BACKGROUND: Adverse drug reactions and lack of therapeutic efficacy associated with currently prescribed
pharmacotherapeutics may be attributed, in part, to inter-individual variability in drug metabolism. Studies on the
pharmacogenetics of Cytochrome P450 (CYP) enzymes offer insight into this variability. The objective of this study
was to compare the AmpliChip CYP450 TestW (AmpliChip) to alternative genotyping platforms for phenotype
prediction of CYP2C19 and CYP2D6 in a representative cohort of the South African population.
METHODS: AmpliChip was used to screen for thirty-three CYP2D6 and three CYP2C19 alleles in two different cohorts.
As a comparison cohort 2 was then genotyped using a CYP2D6 specific long range PCR with sequencing (CYP2D6
XL-PCR + Sequencing) platform and a PCR-RFLP platform for seven CYP2C19 alleles.

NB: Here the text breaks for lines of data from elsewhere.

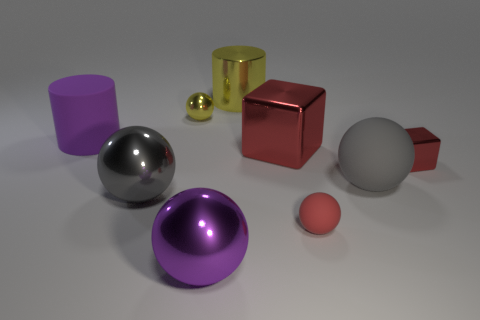Subtract all red matte spheres. How many spheres are left? 4 Subtract all gray balls. How many balls are left? 3 Subtract 1 cubes. How many cubes are left? 1 Subtract all cubes. How many objects are left? 7 Add 8 large purple cylinders. How many large purple cylinders are left? 9 Add 1 small yellow matte balls. How many small yellow matte balls exist? 1 Subtract 0 brown balls. How many objects are left? 9 Subtract all blue cylinders. Subtract all brown cubes. How many cylinders are left? 2 Subtract all brown balls. How many gray cylinders are left? 0 Subtract all cyan matte balls. Subtract all red objects. How many objects are left? 6 
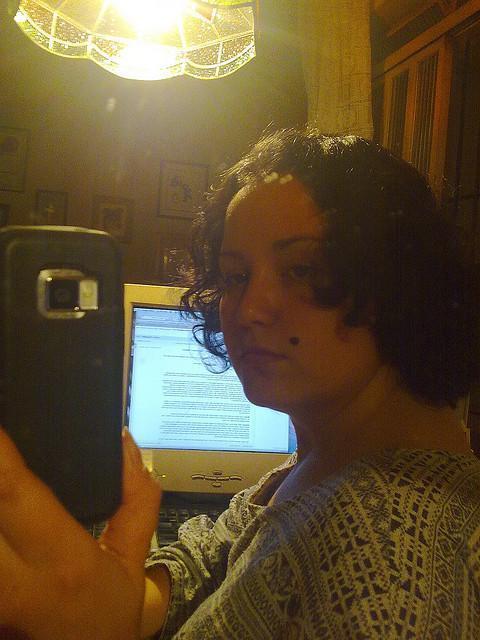What is on the woman's lip who is holding the camera in front of the computer?
Answer the question by selecting the correct answer among the 4 following choices and explain your choice with a short sentence. The answer should be formatted with the following format: `Answer: choice
Rationale: rationale.`
Options: Mole, lipstick, chapstick, glitter. Answer: lipstick.
Rationale: The woman has lipstick on. 
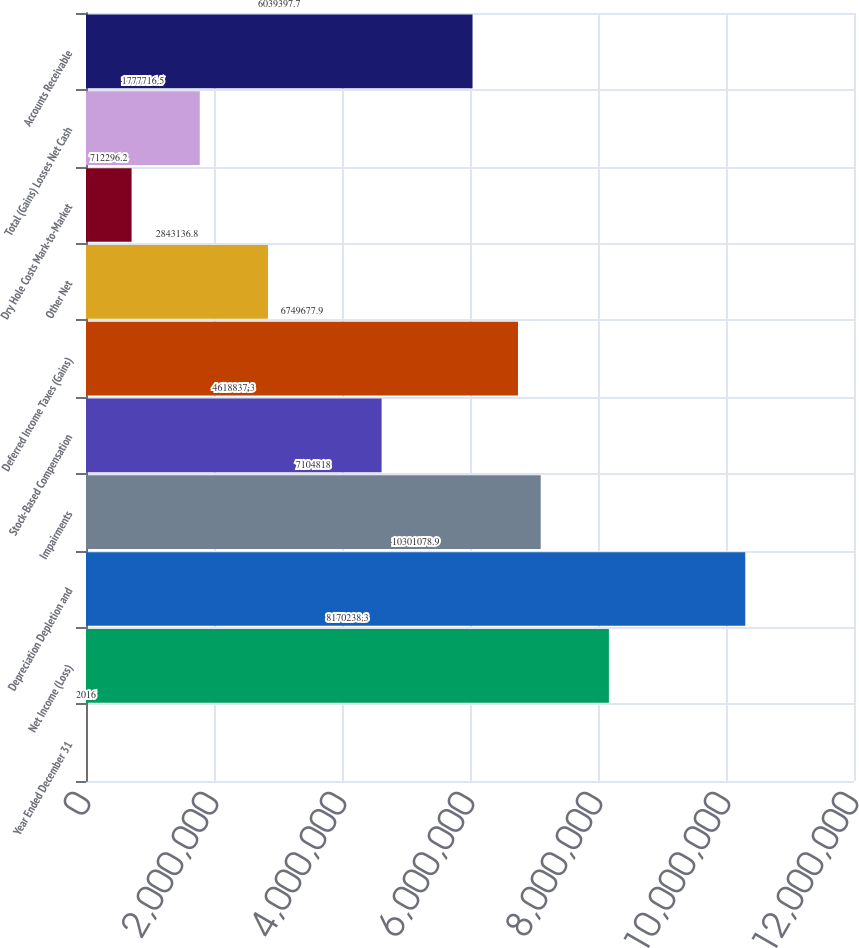Convert chart to OTSL. <chart><loc_0><loc_0><loc_500><loc_500><bar_chart><fcel>Year Ended December 31<fcel>Net Income (Loss)<fcel>Depreciation Depletion and<fcel>Impairments<fcel>Stock-Based Compensation<fcel>Deferred Income Taxes (Gains)<fcel>Other Net<fcel>Dry Hole Costs Mark-to-Market<fcel>Total (Gains) Losses Net Cash<fcel>Accounts Receivable<nl><fcel>2016<fcel>8.17024e+06<fcel>1.03011e+07<fcel>7.10482e+06<fcel>4.61884e+06<fcel>6.74968e+06<fcel>2.84314e+06<fcel>712296<fcel>1.77772e+06<fcel>6.0394e+06<nl></chart> 
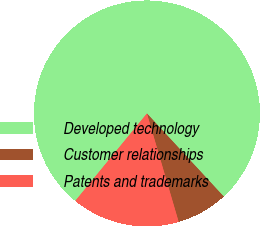Convert chart to OTSL. <chart><loc_0><loc_0><loc_500><loc_500><pie_chart><fcel>Developed technology<fcel>Customer relationships<fcel>Patents and trademarks<nl><fcel>77.2%<fcel>7.34%<fcel>15.46%<nl></chart> 
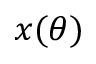Convert formula to latex. <formula><loc_0><loc_0><loc_500><loc_500>x ( \theta )</formula> 
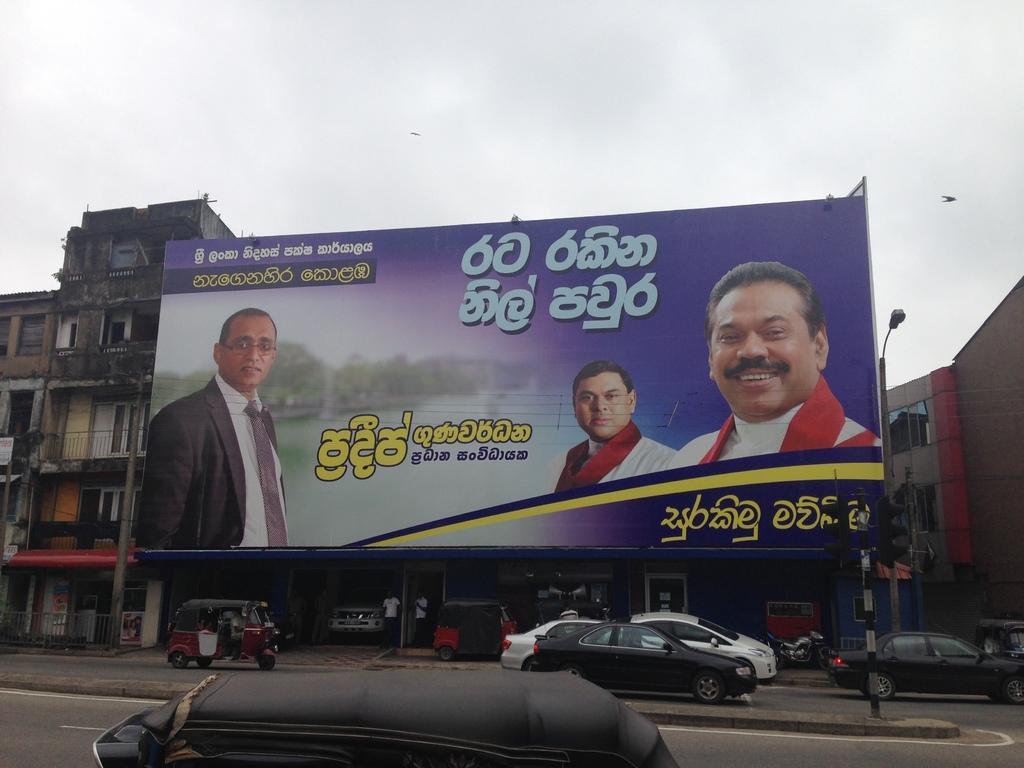In one or two sentences, can you explain what this image depicts? In the picture I can see buildings, vehicles on roads, a banner which has a photo of people and something written on it. In the background I can see a bird is flying in the air and the sky. 
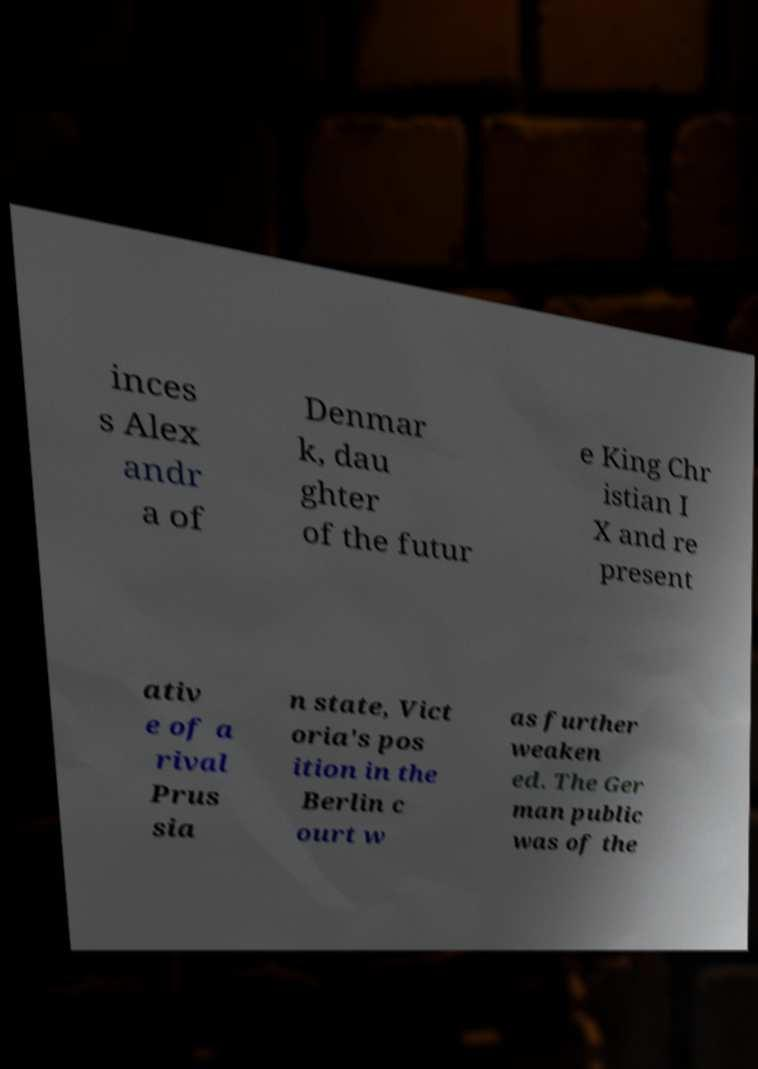What messages or text are displayed in this image? I need them in a readable, typed format. inces s Alex andr a of Denmar k, dau ghter of the futur e King Chr istian I X and re present ativ e of a rival Prus sia n state, Vict oria's pos ition in the Berlin c ourt w as further weaken ed. The Ger man public was of the 
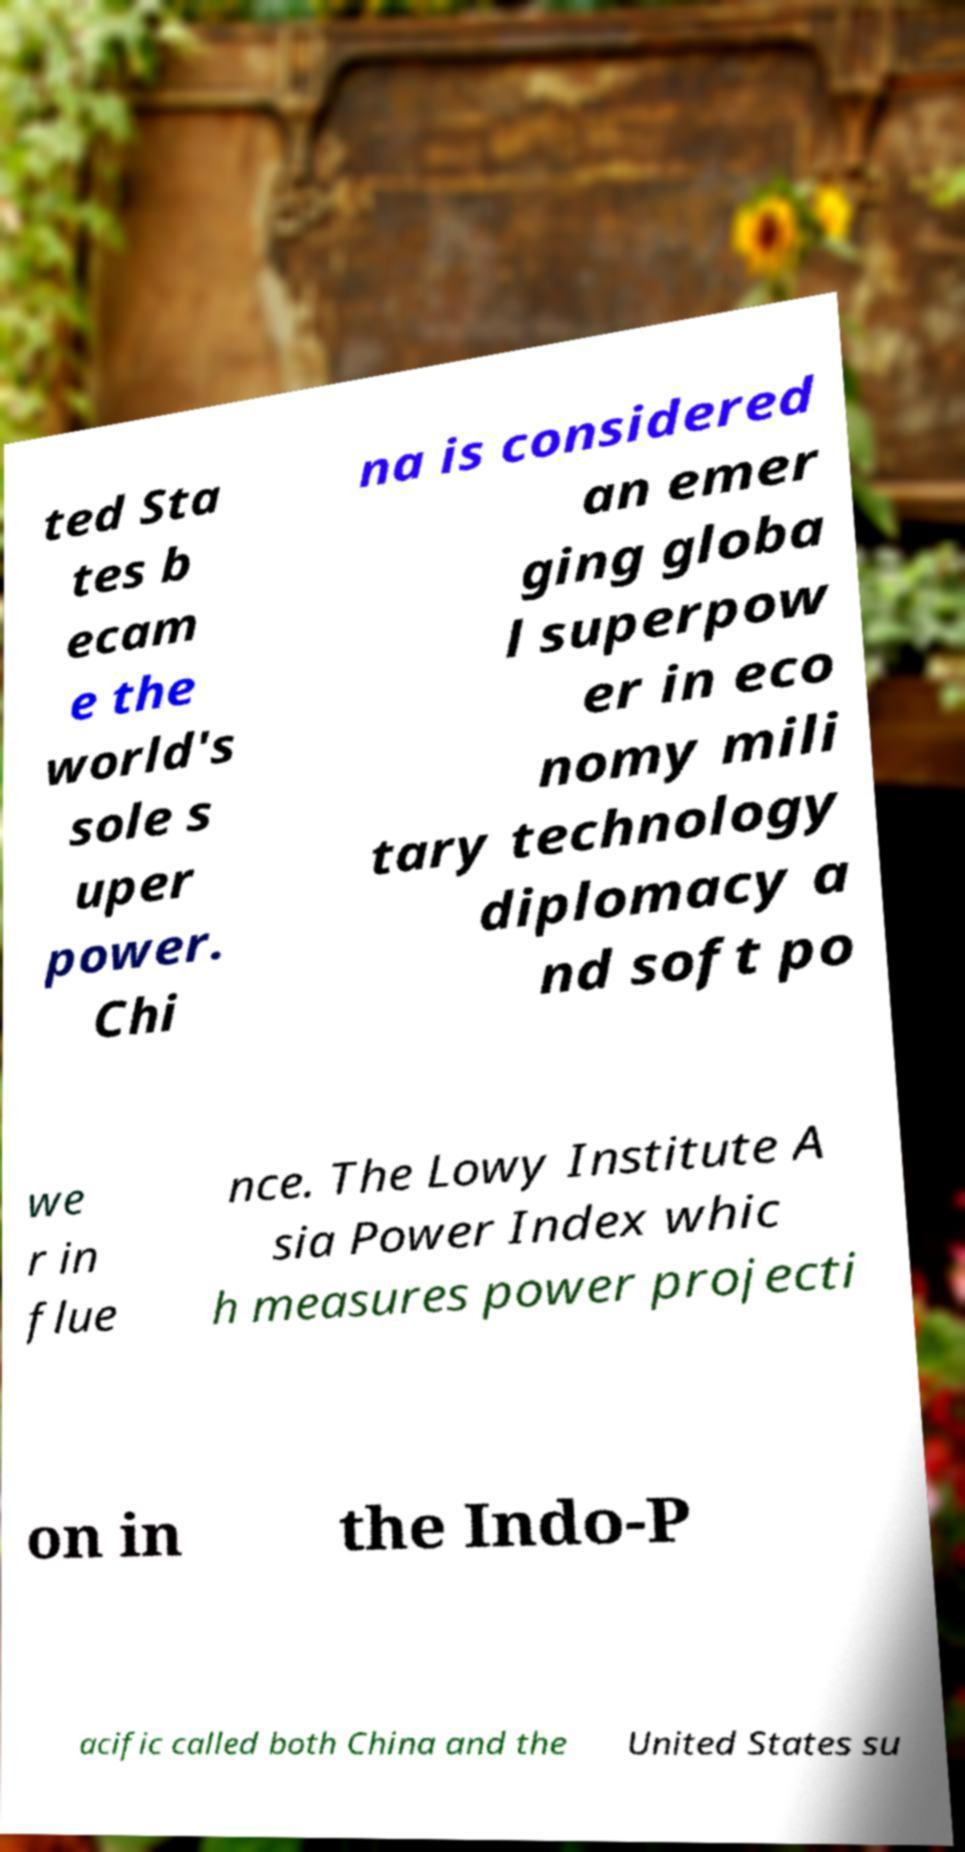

RESULTS: Even though there was a low success rate for the AmpliChip, allele frequencies for both CYP2D6 and
CYP2C19 were very similar between the two different cohorts. The CYP2D6 XL-PCR + Sequencing platform detected
CYP2D6*5 more reliably and could correctly distinguish between CYP2D6*2 and *41 in the Black African individuals.
Alleles not covered by the AmpliChip were identified and four novel CYP2D6 alleles were also detected. CYP2C19
PCR-RFLP identified CYP2C19*9,*15, *17 and *27 in the Black African individuals, with *2, *17 and *27 being relatively
frequent in the cohort. Eliminating mismatches and identifying additional alleles will contribute to improving
phenotype prediction for both enzymes. Phenotype prediction differed between platforms for both genes.
CONCLUSION: Comprehensive genotyping of CYP2D6 and CYP2C19 with the platforms used in this study, would be
more appropriate than AmpliChip for phenotypic prediction in the South African population. Pharmacogenetically
important novel alleles may remain undiscovered when using assays that are designed according to Caucasian
specific variation, unless alternate strategies are utilised.